(Saved entries)
···

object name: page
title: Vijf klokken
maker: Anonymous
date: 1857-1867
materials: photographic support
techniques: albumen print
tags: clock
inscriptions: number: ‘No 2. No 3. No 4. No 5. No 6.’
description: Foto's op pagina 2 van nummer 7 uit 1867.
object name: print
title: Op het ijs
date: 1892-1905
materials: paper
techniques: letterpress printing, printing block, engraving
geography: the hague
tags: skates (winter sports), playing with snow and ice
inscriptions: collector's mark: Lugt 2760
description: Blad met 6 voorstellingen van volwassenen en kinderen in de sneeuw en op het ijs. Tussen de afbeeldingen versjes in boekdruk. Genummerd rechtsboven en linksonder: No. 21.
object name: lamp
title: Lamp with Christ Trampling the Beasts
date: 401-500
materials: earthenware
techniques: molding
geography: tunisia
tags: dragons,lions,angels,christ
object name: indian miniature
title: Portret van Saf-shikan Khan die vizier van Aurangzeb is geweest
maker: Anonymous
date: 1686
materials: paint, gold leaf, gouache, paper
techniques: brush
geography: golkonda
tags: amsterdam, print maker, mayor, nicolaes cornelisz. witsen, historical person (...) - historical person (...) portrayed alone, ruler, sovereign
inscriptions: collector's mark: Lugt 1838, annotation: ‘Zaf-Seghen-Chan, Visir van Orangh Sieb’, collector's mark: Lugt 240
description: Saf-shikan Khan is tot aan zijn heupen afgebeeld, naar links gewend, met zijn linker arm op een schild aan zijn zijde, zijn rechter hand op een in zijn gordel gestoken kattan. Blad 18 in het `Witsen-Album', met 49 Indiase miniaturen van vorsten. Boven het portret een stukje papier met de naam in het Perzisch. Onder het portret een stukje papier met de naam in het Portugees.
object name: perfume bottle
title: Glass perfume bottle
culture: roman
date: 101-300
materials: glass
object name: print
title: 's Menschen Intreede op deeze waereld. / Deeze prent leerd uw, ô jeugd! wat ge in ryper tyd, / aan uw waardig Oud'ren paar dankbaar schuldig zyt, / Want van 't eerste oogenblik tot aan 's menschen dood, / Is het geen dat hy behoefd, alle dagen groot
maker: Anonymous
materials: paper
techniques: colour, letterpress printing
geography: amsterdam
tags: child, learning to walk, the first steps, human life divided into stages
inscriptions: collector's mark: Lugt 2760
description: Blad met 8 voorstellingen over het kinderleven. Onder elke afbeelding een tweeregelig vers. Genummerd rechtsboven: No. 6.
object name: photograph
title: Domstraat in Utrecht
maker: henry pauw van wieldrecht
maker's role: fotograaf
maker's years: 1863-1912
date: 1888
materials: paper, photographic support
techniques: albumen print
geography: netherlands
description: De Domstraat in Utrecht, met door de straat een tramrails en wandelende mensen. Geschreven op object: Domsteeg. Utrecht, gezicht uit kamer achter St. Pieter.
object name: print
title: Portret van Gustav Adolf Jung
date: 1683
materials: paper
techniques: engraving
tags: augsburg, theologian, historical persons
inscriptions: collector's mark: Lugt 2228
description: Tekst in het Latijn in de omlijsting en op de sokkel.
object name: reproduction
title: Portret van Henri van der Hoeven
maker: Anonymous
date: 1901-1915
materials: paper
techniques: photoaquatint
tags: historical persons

···

Repeat every line of the data verbatim.

■ **ANSWER SPACE**
object name: page
title: Vijf klokken
maker: Anonymous
date: 1857-1867
materials: photographic support
techniques: albumen print
tags: clock
inscriptions: number: ‘No 2. No 3. No 4. No 5. No 6.’
description: Foto's op pagina 2 van nummer 7 uit 1867.
object name: print
title: Op het ijs
date: 1892-1905
materials: paper
techniques: letterpress printing, printing block, engraving
geography: the hague
tags: skates (winter sports), playing with snow and ice
inscriptions: collector's mark: Lugt 2760
description: Blad met 6 voorstellingen van volwassenen en kinderen in de sneeuw en op het ijs. Tussen de afbeeldingen versjes in boekdruk. Genummerd rechtsboven en linksonder: No. 21.
object name: lamp
title: Lamp with Christ Trampling the Beasts
date: 401-500
materials: earthenware
techniques: molding
geography: tunisia
tags: dragons,lions,angels,christ
object name: indian miniature
title: Portret van Saf-shikan Khan die vizier van Aurangzeb is geweest
maker: Anonymous
date: 1686
materials: paint, gold leaf, gouache, paper
techniques: brush
geography: golkonda
tags: amsterdam, print maker, mayor, nicolaes cornelisz. witsen, historical person (...) - historical person (...) portrayed alone, ruler, sovereign
inscriptions: collector's mark: Lugt 1838, annotation: ‘Zaf-Seghen-Chan, Visir van Orangh Sieb’, collector's mark: Lugt 240
description: Saf-shikan Khan is tot aan zijn heupen afgebeeld, naar links gewend, met zijn linker arm op een schild aan zijn zijde, zijn rechter hand op een in zijn gordel gestoken kattan. Blad 18 in het `Witsen-Album', met 49 Indiase miniaturen van vorsten. Boven het portret een stukje papier met de naam in het Perzisch. Onder het portret een stukje papier met de naam in het Portugees.
object name: perfume bottle
title: Glass perfume bottle
culture: roman
date: 101-300
materials: glass
object name: print
title: 's Menschen Intreede op deeze waereld. / Deeze prent leerd uw, ô jeugd! wat ge in ryper tyd, / aan uw waardig Oud'ren paar dankbaar schuldig zyt, / Want van 't eerste oogenblik tot aan 's menschen dood, / Is het geen dat hy behoefd, alle dagen groot
maker: Anonymous
materials: paper
techniques: colour, letterpress printing
geography: amsterdam
tags: child, learning to walk, the first steps, human life divided into stages
inscriptions: collector's mark: Lugt 2760
description: Blad met 8 voorstellingen over het kinderleven. Onder elke afbeelding een tweeregelig vers. Genummerd rechtsboven: No. 6.
object name: photograph
title: Domstraat in Utrecht
maker: henry pauw van wieldrecht
maker's role: fotograaf
maker's years: 1863-1912
date: 1888
materials: paper, photographic support
techniques: albumen print
geography: netherlands
description: De Domstraat in Utrecht, met door de straat een tramrails en wandelende mensen. Geschreven op object: Domsteeg. Utrecht, gezicht uit kamer achter St. Pieter.
object name: print
title: Portret van Gustav Adolf Jung
date: 1683
materials: paper
techniques: engraving
tags: augsburg, theologian, historical persons
inscriptions: collector's mark: Lugt 2228
description: Tekst in het Latijn in de omlijsting en op de sokkel.
object name: reproduction
title: Portret van Henri van der Hoeven
maker: Anonymous
date: 1901-1915
materials: paper
techniques: photoaquatint
tags: historical persons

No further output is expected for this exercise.